--- Task data Enclosed Below ---
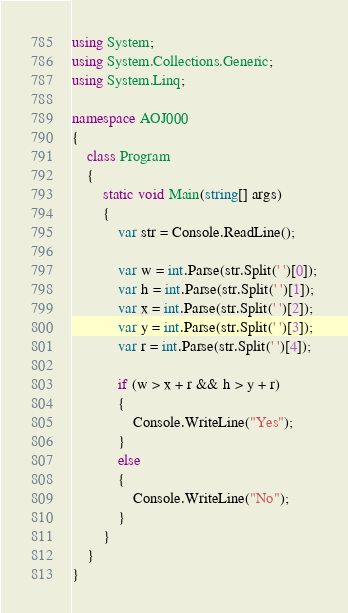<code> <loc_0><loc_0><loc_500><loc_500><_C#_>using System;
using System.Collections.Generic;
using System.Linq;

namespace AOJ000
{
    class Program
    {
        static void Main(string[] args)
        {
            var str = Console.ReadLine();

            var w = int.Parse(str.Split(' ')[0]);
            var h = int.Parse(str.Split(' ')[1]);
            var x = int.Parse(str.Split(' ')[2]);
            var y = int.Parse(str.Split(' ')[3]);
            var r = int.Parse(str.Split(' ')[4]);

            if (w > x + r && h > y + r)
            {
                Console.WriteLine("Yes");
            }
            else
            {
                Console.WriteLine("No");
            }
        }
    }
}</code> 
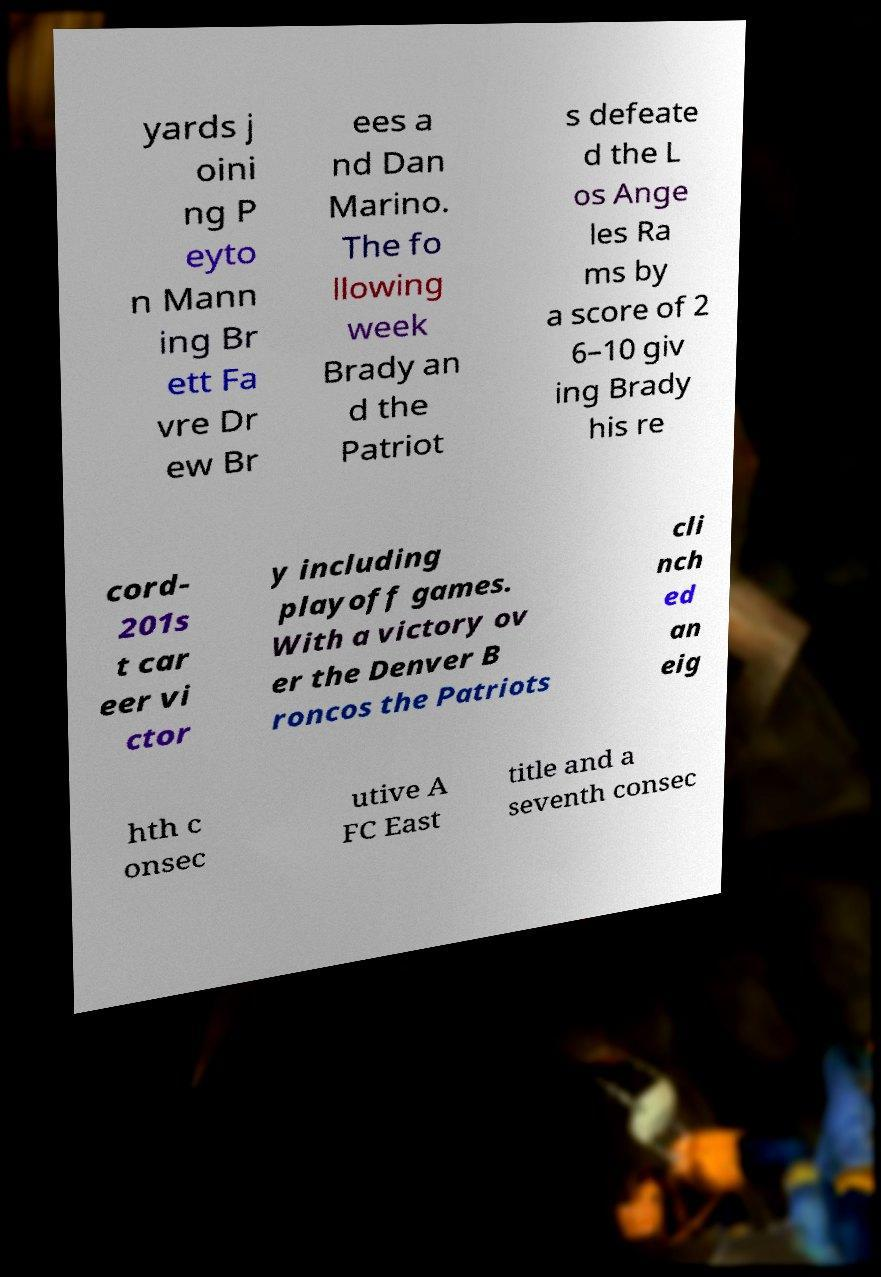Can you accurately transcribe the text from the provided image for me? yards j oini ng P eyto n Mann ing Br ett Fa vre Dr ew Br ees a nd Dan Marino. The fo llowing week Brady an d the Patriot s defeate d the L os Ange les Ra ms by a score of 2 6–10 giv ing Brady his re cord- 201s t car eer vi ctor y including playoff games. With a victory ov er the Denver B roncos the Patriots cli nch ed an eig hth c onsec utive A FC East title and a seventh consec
--- End of Enclosed Task data ---
Skip the pictures. Return exactly the lines from the one containing "var str = Console.ReadLine();" through the end of the data above, both included, and nothing besides.

§ **Task result**
            var str = Console.ReadLine();

            var w = int.Parse(str.Split(' ')[0]);
            var h = int.Parse(str.Split(' ')[1]);
            var x = int.Parse(str.Split(' ')[2]);
            var y = int.Parse(str.Split(' ')[3]);
            var r = int.Parse(str.Split(' ')[4]);

            if (w > x + r && h > y + r)
            {
                Console.WriteLine("Yes");
            }
            else
            {
                Console.WriteLine("No");
            }
        }
    }
}</code> 
Can you accurately transcribe the text from the provided image for me? yards j oini ng P eyto n Mann ing Br ett Fa vre Dr ew Br ees a nd Dan Marino. The fo llowing week Brady an d the Patriot s defeate d the L os Ange les Ra ms by a score of 2 6–10 giv ing Brady his re cord- 201s t car eer vi ctor y including playoff games. With a victory ov er the Denver B roncos the Patriots cli nch ed an eig hth c onsec utive A FC East title and a seventh consec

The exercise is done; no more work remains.